Identification of an antimalarial synthetic trioxolane drug development candidate

Abstract

The discovery of artemisinin more than 30 years ago provided a completely new antimalarial structural prototype; that is, a molecule with a pharmacophoric peroxide bond in a unique 1,2,4-trioxane heterocycle¹. Available evidence^2,3,4 suggests that artemisinin and related peroxidic antimalarial drugs exert their parasiticidal activity subsequent to reductive activation by haem, released as a result of haemoglobin digestion by the malaria-causing parasite.

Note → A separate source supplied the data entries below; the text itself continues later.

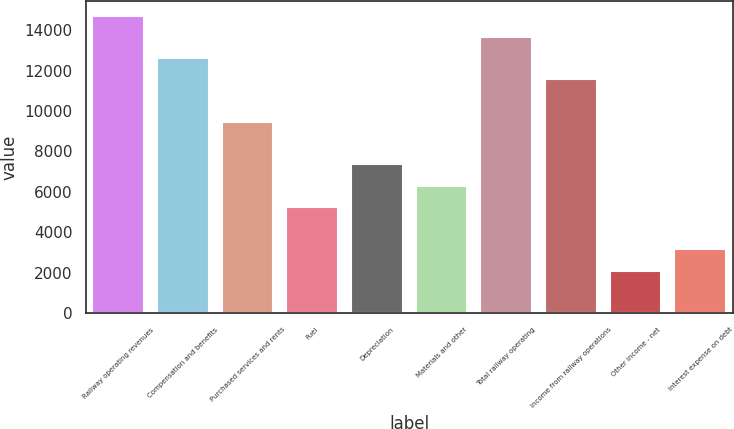Convert chart to OTSL. <chart><loc_0><loc_0><loc_500><loc_500><bar_chart><fcel>Railway operating revenues<fcel>Compensation and benefits<fcel>Purchased services and rents<fcel>Fuel<fcel>Depreciation<fcel>Materials and other<fcel>Total railway operating<fcel>Income from railway operations<fcel>Other income - net<fcel>Interest expense on debt<nl><fcel>14713.4<fcel>12612.2<fcel>9460.41<fcel>5258.05<fcel>7359.23<fcel>6308.64<fcel>13662.8<fcel>11561.6<fcel>2106.28<fcel>3156.87<nl></chart> 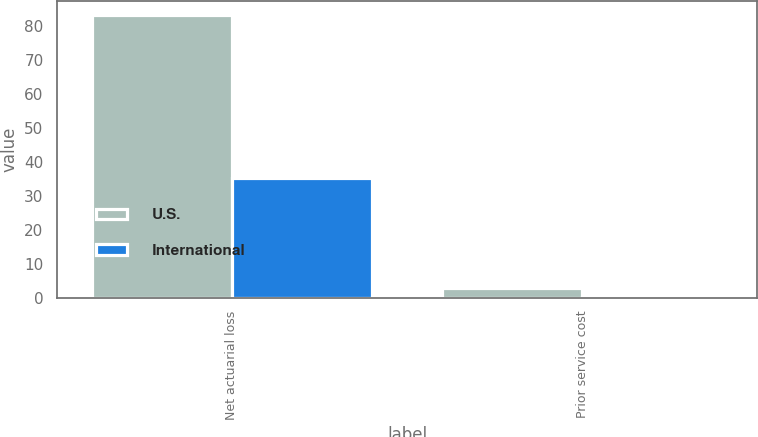Convert chart. <chart><loc_0><loc_0><loc_500><loc_500><stacked_bar_chart><ecel><fcel>Net actuarial loss<fcel>Prior service cost<nl><fcel>U.S.<fcel>83.2<fcel>2.8<nl><fcel>International<fcel>35.1<fcel>0.1<nl></chart> 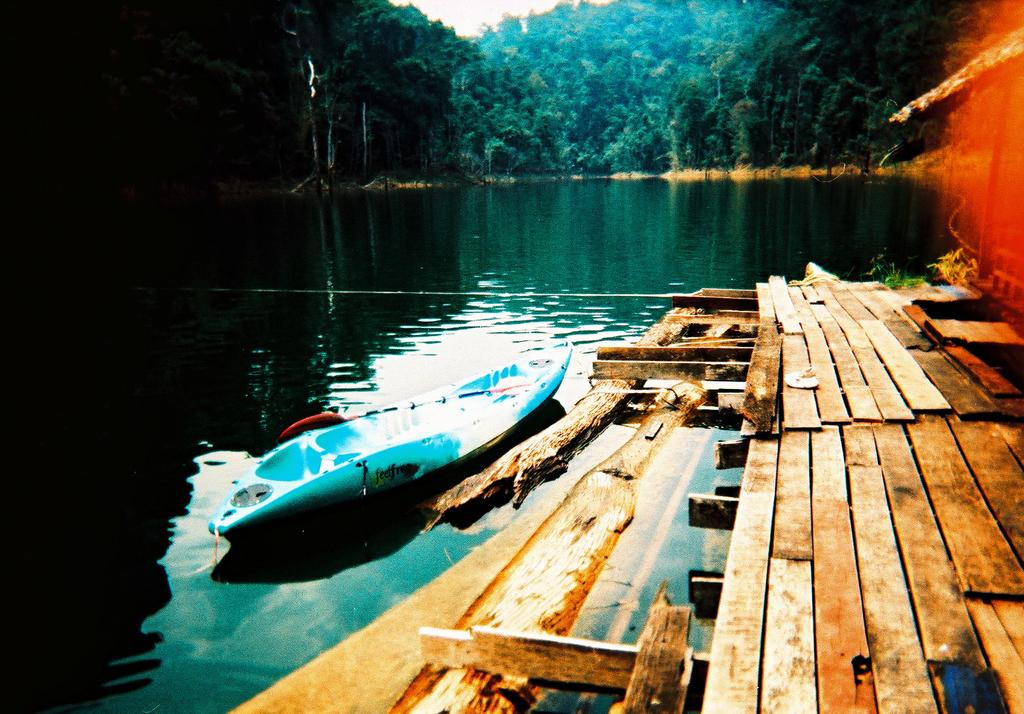What type of surface is visible in the image? There is a wooden surface in the image. What is the main object in the image? There is a boat in the image. What colors are used for the boat? The boat is white and blue in color. What can be seen in the background of the image? There are many trees and the sky visible in the background of the image. What type of company is represented by the boat in the image? There is no indication of a company in the image; it simply features a white and blue boat. What role does air play in the boat's movement in the image? The boat is not moving in the image, so air does not play a role in its movement. 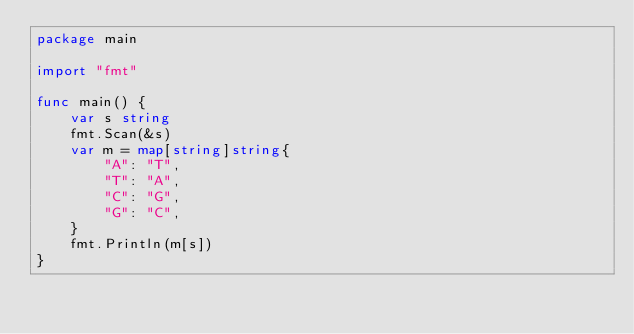<code> <loc_0><loc_0><loc_500><loc_500><_Go_>package main

import "fmt"

func main() {
	var s string
	fmt.Scan(&s)
	var m = map[string]string{
		"A": "T",
		"T": "A",
		"C": "G",
		"G": "C",
	}
	fmt.Println(m[s])
}
</code>

This irreversible redox reaction produces carbon-centred free radicals, leading to alkylation of haem⁵ and proteins (enzymes)⁶, one of which—the sarcoplasmic-endoplasmic reticulum ATPase PfATP6 (ref. 7)—may be critical to parasite survival. Notably, there is no evidence of drug resistance to any member of the artemisinin family of drugs⁸. The chemotherapy of malaria has benefited greatly from the semi-synthetic artemisinins artemether and artesunate as they rapidly reduce parasite burden, have good therapeutic indices and provide for successful treatment outcomes⁹. However, as a drug class, the artemisinins suffer from chemical¹⁰ (semi-synthetic availability, purity and cost), biopharmaceutical¹¹ (poor bioavailability and limiting pharmacokinetics) and treatment^8,11 (non-compliance with long treatment regimens and recrudescence) issues that limit their therapeutic potential. Here we describe how a synthetic peroxide antimalarial drug development candidate was identified in a collaborative drug discovery project.